• **Activity**
Each line in the records below that has the word "track" should be copied.

• **Exercise data**
::::::::::

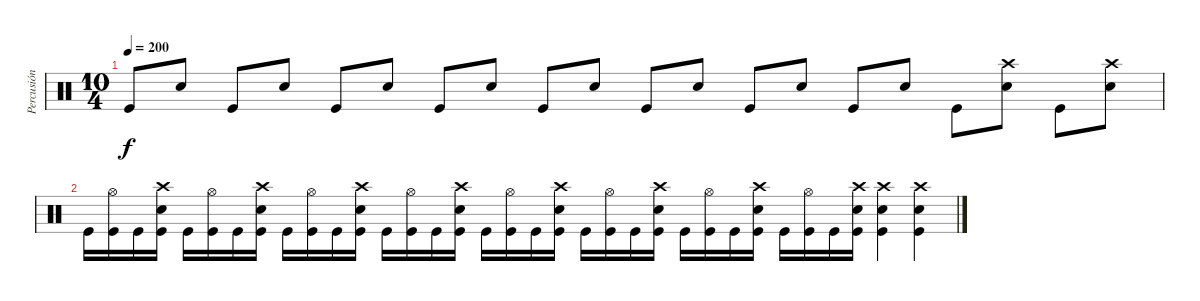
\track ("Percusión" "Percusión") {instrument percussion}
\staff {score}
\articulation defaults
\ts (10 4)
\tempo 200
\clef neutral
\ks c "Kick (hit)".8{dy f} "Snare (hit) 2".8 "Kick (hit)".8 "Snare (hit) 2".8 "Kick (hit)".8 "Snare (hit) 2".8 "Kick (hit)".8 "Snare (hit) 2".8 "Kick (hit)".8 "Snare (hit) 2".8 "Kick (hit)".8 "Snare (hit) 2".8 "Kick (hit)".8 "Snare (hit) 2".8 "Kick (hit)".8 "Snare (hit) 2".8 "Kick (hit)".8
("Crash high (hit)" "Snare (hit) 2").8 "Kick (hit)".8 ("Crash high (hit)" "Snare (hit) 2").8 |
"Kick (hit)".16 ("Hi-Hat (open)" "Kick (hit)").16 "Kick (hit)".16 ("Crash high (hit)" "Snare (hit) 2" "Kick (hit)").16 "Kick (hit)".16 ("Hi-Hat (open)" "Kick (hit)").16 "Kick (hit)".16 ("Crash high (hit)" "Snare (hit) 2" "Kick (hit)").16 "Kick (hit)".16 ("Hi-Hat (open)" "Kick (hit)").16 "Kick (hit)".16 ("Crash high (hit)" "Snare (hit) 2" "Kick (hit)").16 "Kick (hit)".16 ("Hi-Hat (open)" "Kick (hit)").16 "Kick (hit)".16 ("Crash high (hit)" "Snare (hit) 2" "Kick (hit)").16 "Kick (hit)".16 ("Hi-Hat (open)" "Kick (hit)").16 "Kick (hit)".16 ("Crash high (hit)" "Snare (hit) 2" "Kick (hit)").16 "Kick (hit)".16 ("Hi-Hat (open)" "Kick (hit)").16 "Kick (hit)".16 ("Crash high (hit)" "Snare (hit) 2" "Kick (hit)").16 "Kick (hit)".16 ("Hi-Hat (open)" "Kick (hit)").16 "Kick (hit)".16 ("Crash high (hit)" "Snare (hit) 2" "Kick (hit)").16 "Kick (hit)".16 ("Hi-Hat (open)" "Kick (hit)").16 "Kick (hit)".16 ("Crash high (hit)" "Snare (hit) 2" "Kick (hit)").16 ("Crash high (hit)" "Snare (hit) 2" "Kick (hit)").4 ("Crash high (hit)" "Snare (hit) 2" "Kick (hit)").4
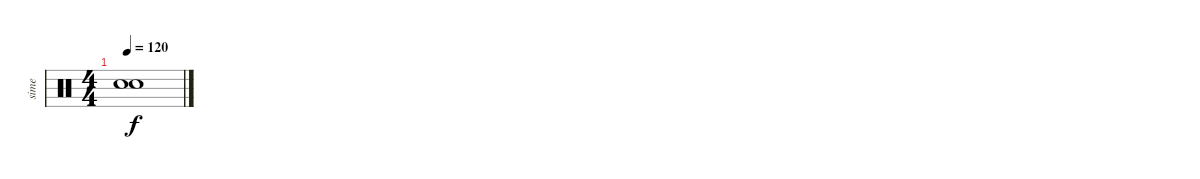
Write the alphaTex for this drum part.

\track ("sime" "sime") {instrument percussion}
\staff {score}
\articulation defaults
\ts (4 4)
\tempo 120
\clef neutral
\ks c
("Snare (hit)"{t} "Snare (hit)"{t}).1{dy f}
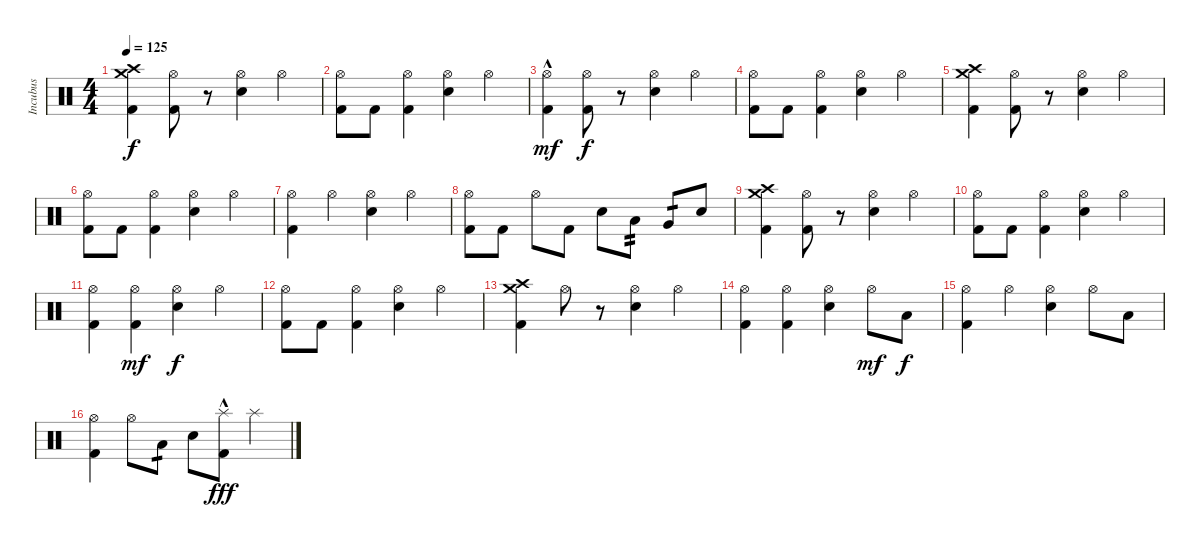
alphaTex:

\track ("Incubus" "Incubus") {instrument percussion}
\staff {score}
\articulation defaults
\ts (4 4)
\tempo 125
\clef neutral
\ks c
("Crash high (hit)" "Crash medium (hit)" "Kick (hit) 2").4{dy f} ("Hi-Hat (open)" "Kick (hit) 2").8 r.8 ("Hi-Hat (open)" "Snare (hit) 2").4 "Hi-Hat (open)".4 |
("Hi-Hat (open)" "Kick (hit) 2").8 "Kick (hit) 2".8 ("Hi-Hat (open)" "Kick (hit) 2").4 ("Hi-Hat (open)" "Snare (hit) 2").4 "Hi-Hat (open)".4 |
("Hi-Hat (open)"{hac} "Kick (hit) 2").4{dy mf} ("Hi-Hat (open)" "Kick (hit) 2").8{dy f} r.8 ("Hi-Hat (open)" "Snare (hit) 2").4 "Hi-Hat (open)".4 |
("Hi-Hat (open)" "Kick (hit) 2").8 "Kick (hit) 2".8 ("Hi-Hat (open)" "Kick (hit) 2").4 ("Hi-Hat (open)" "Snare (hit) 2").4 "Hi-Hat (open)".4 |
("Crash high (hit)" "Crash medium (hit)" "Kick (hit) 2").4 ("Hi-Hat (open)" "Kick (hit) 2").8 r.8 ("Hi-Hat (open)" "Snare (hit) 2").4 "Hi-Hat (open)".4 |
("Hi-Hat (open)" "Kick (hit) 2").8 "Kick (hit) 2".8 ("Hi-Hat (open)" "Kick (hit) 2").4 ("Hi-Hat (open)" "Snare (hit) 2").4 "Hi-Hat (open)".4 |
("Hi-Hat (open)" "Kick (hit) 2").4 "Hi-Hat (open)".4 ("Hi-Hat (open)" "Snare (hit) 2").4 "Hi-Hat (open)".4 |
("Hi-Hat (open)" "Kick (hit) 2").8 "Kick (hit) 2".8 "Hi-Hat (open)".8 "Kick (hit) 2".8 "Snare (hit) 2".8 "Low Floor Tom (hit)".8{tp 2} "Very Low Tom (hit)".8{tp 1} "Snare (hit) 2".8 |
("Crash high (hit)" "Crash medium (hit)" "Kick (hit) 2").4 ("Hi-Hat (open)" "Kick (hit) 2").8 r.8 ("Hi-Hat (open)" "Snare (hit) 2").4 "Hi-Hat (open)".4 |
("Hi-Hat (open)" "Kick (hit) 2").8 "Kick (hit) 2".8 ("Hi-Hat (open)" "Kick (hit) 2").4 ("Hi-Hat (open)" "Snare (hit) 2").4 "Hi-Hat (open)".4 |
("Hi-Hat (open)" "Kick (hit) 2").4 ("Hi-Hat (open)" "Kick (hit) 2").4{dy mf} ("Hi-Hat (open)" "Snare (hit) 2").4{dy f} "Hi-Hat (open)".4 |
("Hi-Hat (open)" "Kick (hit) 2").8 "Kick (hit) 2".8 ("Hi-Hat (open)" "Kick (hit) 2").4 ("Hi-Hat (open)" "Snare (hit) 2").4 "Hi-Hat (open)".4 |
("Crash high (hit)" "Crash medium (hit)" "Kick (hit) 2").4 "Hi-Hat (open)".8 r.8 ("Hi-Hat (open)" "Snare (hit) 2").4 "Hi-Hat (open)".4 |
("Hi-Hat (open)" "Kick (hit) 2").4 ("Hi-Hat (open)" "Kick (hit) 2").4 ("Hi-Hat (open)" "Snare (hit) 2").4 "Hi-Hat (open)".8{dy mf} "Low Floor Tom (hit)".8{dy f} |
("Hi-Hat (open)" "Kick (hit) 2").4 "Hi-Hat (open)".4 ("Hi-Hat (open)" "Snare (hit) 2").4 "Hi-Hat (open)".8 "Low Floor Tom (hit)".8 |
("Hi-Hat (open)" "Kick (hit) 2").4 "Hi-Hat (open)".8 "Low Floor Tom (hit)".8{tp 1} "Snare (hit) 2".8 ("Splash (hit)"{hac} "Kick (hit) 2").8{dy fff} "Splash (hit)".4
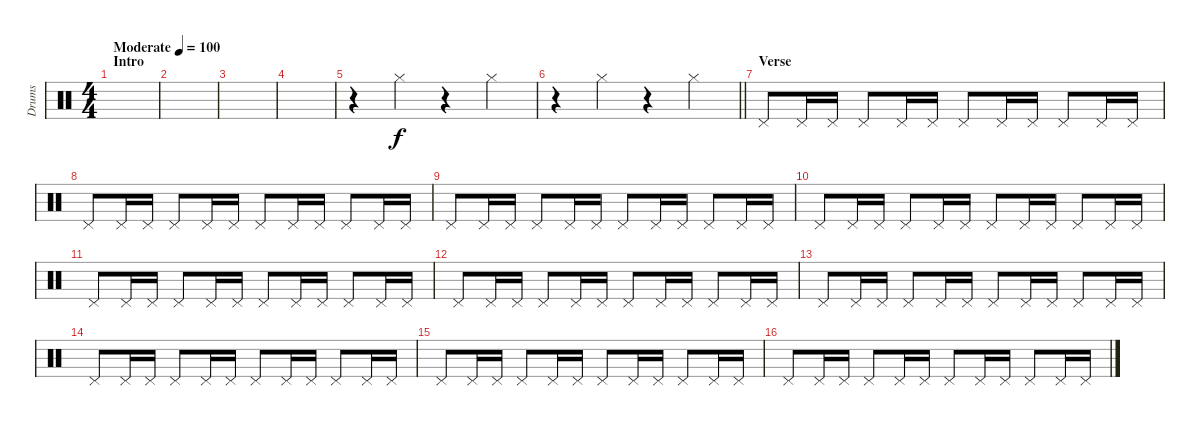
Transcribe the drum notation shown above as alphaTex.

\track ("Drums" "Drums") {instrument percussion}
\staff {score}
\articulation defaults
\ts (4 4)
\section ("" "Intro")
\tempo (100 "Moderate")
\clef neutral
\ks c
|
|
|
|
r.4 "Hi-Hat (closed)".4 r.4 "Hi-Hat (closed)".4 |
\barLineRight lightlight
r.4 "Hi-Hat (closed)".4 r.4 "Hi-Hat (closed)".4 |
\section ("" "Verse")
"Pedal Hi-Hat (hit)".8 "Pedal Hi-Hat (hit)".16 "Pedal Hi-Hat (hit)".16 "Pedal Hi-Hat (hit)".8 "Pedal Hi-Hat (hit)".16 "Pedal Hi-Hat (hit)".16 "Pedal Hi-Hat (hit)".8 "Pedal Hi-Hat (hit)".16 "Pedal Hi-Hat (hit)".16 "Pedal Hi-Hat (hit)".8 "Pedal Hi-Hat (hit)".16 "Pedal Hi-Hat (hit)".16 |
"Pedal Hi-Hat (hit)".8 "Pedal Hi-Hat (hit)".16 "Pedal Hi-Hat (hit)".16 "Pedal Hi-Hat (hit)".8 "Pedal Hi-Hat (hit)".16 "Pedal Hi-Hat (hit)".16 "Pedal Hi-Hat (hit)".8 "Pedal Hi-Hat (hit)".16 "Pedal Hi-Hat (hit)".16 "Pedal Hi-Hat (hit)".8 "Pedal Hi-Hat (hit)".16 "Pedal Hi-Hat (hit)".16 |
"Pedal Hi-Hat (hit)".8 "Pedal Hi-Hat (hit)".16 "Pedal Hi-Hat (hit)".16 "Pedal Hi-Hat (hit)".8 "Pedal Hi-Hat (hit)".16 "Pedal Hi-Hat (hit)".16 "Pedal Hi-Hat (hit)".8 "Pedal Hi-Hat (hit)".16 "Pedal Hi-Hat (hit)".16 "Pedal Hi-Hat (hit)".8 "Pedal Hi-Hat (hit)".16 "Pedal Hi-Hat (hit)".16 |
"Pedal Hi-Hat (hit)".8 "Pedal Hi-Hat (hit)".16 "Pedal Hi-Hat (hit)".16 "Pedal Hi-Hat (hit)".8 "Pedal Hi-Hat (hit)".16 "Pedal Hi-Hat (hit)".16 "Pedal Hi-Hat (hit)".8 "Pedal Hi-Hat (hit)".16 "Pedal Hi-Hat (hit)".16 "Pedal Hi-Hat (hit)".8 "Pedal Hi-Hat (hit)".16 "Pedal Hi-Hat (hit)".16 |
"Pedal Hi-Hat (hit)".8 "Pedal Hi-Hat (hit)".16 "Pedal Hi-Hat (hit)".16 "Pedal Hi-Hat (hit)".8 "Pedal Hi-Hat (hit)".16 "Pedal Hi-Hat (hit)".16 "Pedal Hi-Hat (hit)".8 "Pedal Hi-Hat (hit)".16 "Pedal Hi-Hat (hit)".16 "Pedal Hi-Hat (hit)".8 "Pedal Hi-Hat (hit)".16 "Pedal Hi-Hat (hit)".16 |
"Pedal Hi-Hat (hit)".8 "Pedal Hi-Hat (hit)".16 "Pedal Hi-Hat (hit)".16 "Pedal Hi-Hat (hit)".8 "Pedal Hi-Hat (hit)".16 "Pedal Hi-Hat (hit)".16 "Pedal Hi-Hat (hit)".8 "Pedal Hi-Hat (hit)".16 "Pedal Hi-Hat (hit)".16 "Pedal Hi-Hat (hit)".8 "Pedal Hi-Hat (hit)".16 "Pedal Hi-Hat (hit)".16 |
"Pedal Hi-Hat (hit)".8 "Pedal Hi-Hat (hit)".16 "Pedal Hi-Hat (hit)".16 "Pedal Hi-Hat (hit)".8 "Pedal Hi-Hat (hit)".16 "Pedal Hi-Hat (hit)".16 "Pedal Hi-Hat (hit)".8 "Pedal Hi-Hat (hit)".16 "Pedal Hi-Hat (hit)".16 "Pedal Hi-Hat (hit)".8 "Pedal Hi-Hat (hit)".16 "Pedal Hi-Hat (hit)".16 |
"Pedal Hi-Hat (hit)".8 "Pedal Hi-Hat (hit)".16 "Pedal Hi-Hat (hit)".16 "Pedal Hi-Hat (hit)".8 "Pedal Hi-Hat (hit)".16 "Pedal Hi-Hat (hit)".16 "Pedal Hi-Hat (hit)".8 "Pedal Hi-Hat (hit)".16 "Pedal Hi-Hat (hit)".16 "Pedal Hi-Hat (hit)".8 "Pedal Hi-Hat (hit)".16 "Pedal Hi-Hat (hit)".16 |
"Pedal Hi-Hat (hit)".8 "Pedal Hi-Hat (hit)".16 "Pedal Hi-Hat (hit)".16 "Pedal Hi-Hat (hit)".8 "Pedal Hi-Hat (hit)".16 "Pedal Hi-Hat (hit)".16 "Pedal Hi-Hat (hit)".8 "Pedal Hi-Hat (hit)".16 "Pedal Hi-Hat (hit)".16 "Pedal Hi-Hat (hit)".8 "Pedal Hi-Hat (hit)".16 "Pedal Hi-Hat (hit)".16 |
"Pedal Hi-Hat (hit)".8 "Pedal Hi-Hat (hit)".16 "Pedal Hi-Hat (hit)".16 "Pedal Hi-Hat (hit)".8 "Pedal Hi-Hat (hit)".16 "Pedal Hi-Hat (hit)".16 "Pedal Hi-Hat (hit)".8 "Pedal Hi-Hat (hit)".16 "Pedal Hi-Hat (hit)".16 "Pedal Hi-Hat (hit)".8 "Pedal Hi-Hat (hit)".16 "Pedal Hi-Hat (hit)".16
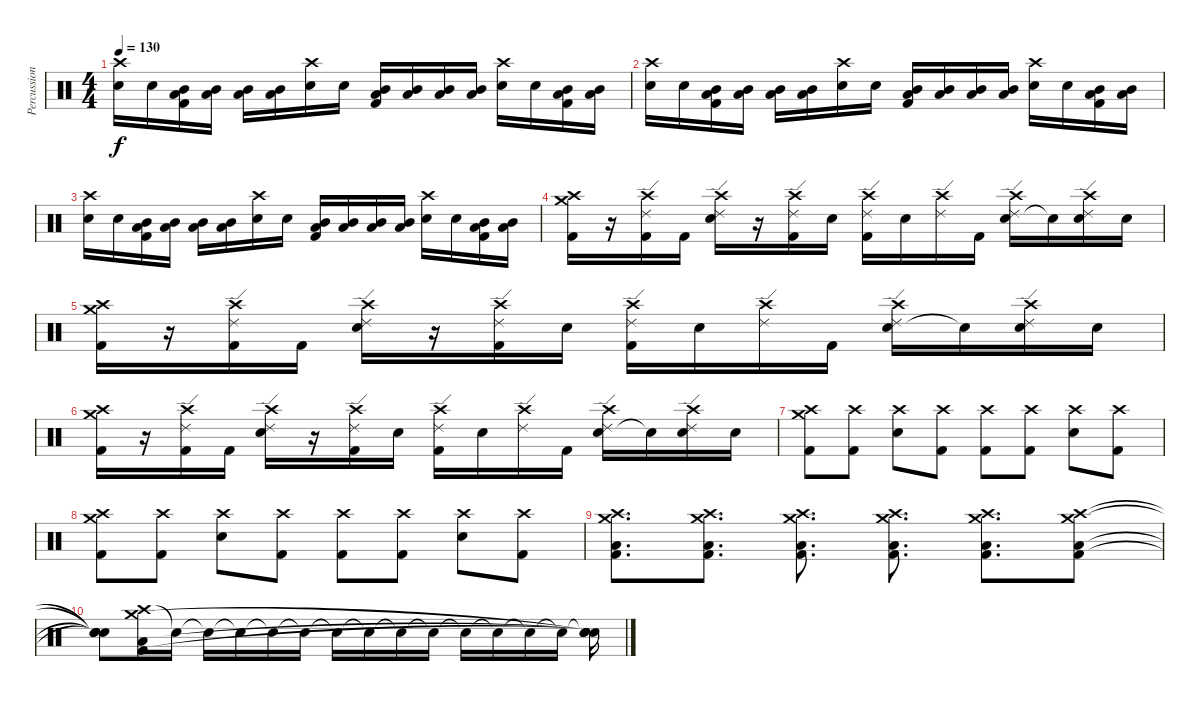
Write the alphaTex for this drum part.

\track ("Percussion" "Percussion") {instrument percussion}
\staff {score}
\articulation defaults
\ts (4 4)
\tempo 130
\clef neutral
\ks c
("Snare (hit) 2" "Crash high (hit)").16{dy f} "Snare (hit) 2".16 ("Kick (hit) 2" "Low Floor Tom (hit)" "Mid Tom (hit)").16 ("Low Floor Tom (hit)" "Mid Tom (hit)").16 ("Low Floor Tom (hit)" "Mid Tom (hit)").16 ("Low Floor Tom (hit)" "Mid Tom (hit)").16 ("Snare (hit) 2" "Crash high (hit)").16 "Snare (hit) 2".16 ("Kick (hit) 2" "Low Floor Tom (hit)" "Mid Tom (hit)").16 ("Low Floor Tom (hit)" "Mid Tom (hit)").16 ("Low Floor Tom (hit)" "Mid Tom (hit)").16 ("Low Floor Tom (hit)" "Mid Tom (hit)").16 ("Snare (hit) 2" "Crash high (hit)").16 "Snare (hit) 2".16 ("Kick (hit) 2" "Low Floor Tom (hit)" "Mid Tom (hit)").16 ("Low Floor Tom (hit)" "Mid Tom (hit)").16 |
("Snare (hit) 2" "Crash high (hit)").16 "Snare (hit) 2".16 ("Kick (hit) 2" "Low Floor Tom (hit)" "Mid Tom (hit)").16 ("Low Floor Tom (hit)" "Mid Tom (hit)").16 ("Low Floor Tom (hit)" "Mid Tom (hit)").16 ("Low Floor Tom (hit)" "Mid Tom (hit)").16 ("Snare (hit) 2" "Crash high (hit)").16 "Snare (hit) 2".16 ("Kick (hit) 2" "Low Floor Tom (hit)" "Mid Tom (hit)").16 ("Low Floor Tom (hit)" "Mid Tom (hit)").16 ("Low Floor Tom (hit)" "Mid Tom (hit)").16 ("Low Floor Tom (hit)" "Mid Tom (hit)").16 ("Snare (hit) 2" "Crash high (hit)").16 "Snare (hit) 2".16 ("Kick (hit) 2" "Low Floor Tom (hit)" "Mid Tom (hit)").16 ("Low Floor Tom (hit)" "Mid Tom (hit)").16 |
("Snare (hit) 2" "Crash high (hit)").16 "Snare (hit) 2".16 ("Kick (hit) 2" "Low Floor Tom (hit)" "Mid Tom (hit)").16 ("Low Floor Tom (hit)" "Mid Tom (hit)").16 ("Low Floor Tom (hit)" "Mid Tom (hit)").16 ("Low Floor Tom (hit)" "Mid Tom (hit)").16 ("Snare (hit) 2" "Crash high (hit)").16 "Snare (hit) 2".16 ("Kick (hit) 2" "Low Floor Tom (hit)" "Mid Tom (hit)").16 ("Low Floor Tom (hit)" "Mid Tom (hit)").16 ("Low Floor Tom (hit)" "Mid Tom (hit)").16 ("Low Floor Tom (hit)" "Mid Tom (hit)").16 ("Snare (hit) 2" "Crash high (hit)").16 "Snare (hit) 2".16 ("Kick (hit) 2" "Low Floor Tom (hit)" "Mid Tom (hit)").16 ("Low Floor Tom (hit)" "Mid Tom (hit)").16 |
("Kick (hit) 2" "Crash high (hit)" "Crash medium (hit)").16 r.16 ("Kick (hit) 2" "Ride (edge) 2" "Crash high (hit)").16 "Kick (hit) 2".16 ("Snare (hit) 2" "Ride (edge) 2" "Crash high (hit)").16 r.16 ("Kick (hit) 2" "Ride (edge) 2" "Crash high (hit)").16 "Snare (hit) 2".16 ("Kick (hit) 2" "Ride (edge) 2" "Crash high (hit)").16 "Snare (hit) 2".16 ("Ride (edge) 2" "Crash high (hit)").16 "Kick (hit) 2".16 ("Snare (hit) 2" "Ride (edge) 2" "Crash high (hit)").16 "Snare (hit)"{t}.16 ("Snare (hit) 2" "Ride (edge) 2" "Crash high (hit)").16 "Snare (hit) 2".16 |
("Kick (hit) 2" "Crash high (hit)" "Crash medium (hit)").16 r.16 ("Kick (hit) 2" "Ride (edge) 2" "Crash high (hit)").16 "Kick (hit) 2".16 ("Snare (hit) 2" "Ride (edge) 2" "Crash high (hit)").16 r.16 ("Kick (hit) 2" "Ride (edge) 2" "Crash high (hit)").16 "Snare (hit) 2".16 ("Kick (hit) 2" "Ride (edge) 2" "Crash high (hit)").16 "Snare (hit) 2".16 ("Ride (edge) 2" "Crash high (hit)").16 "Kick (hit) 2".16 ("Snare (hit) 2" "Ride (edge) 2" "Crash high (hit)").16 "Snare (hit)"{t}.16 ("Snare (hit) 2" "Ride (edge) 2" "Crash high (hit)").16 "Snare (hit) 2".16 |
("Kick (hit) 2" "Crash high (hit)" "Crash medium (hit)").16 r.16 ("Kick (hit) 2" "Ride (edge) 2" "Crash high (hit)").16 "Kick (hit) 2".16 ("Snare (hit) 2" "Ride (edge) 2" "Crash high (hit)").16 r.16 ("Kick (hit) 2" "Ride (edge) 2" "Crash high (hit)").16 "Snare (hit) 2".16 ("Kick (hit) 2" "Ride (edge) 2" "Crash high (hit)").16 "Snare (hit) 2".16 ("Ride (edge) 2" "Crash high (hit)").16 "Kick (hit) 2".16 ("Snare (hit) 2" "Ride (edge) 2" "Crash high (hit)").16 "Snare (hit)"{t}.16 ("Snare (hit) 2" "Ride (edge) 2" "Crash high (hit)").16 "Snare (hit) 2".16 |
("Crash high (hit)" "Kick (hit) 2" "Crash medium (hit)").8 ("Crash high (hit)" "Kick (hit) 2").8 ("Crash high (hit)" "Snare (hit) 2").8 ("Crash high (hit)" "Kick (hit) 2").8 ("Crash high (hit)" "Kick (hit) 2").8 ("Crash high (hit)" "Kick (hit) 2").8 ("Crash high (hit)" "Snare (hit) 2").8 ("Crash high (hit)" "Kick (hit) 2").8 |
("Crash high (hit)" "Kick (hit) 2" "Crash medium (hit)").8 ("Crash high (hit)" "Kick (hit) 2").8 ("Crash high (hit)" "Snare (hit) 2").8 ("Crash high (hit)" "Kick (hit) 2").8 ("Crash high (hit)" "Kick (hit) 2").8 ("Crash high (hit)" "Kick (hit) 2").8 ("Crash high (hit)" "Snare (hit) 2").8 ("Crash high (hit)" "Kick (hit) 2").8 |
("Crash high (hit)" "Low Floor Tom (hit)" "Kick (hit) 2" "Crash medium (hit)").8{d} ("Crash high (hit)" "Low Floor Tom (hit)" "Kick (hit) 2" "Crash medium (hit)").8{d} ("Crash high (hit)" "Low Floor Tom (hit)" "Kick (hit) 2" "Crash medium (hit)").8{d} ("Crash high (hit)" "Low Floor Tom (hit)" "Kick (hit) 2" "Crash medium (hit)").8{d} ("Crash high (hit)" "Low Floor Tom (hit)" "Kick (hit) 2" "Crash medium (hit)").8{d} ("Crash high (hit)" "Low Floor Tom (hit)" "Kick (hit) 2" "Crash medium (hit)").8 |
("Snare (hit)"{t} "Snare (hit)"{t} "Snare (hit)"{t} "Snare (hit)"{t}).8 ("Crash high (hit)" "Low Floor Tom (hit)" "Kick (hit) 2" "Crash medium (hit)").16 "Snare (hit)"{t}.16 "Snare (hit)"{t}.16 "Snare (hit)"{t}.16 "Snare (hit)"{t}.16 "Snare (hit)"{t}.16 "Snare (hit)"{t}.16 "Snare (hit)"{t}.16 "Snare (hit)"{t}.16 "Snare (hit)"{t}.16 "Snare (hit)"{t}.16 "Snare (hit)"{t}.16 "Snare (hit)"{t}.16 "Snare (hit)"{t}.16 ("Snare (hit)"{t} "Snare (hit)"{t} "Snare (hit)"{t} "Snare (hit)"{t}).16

::::::::::

• **Solution**
\track ("Percusión" "Percusión") {instrument percussion}
\track ("sime" "sime") {instrument percussion}
\track ("Incubus" "Incubus") {instrument percussion}
\track ("Drums" "Drums") {instrument percussion}
\track ("Percussion" "Percussion") {instrument percussion}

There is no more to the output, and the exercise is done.